Characterization of the Zinc Uptake Repressor (Zur) from Acinetobacter baumannii .

Bacterial cells tightly regulate the intracellular concentrations of essential transition metal ions by deploying a panel of metal-regulated transcriptional repressors and activators that bind to operator-promoter regions upstream of regulated genes. Like other zinc uptake regulator (Zur) proteins, Acinetobacter baumannii Zur represses transcription of its regulon when Zn II is replete and binds more weakly to DNA when Zn II is limiting. Previous studies established that Zur proteins are homodimeric and harbor at least two metal sites per protomer or four per dimer.
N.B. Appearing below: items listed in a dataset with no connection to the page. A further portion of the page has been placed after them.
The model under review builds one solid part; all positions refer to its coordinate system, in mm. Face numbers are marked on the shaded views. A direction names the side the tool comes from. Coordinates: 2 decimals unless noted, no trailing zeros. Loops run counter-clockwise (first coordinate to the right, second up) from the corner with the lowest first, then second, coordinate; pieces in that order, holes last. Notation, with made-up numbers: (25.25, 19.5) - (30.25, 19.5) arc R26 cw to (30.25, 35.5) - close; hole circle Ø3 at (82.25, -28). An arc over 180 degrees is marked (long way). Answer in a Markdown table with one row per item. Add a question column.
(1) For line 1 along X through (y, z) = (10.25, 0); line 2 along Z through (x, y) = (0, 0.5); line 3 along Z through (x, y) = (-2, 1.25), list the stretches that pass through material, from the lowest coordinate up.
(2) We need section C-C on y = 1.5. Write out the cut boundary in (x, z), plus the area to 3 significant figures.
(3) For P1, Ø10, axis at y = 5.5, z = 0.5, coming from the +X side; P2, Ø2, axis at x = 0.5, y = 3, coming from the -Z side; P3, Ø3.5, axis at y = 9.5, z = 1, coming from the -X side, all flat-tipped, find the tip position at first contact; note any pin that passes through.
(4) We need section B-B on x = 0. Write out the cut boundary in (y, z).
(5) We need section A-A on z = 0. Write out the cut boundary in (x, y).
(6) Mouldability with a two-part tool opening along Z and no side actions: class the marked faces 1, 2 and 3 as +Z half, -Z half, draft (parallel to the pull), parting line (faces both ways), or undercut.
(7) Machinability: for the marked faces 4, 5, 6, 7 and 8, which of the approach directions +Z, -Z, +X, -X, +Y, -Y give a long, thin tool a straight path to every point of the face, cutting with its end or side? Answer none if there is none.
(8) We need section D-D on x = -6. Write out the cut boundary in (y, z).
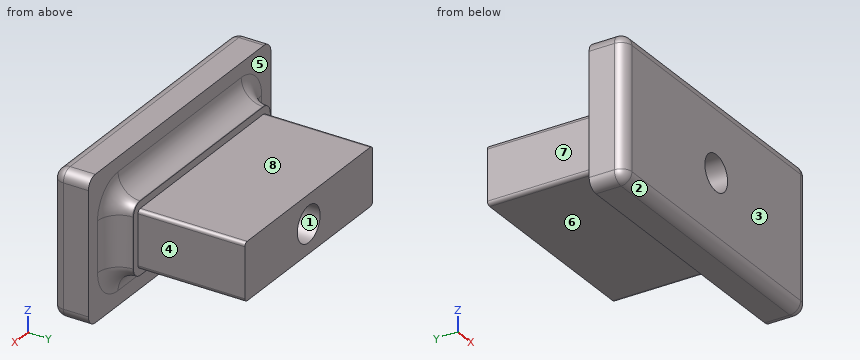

Cd II X-ray absorption spectroscopy (XAS) of the Cd 2 Zn 2 Ab Zur metalloderivative with Cd II bound to the allosteric sites reveals a S(N/O) 3 first coordination shell. Site-directed mutagenesis suggests that H89 and C100 from the N-terminal DNA binding domain and H107 and E122 from the C-terminal dimerization domain comprise the regulatory metal site. K Zn for this allosteric site is 6.0 (±2.2) × 10 12 M -1 with a functional "division of labor" among the four metal ligands. N-terminal domain ligands H89 and C100 contribute far more to K Zn than H107 and E122, while C100S Ab Zur uniquely fails to bind to DNA tightly as measured by an in vitro transcription assay. The heterotropic allosteric coupling free energy, Δ G c , is negative, consistent with a higher K Zn for the Ab Zur-DNA complex and defining a bioavailable Zn II set-point of ≈6 × 10 -14 M. Small-angle X-ray scattering (SAXS) experiments reveal that only the wild-type Zn homodimer undergoes allosteric switching, while the C100S Ab Zur fails to switch. These data collectively suggest that switching to a high affinity DNA-binding conformation involves a rotation/translation of one protomer relative to the other in a way that is dependent on the integrity of C100. We place these findings in the context of other Zur proteins and Fur family repressors more broadly.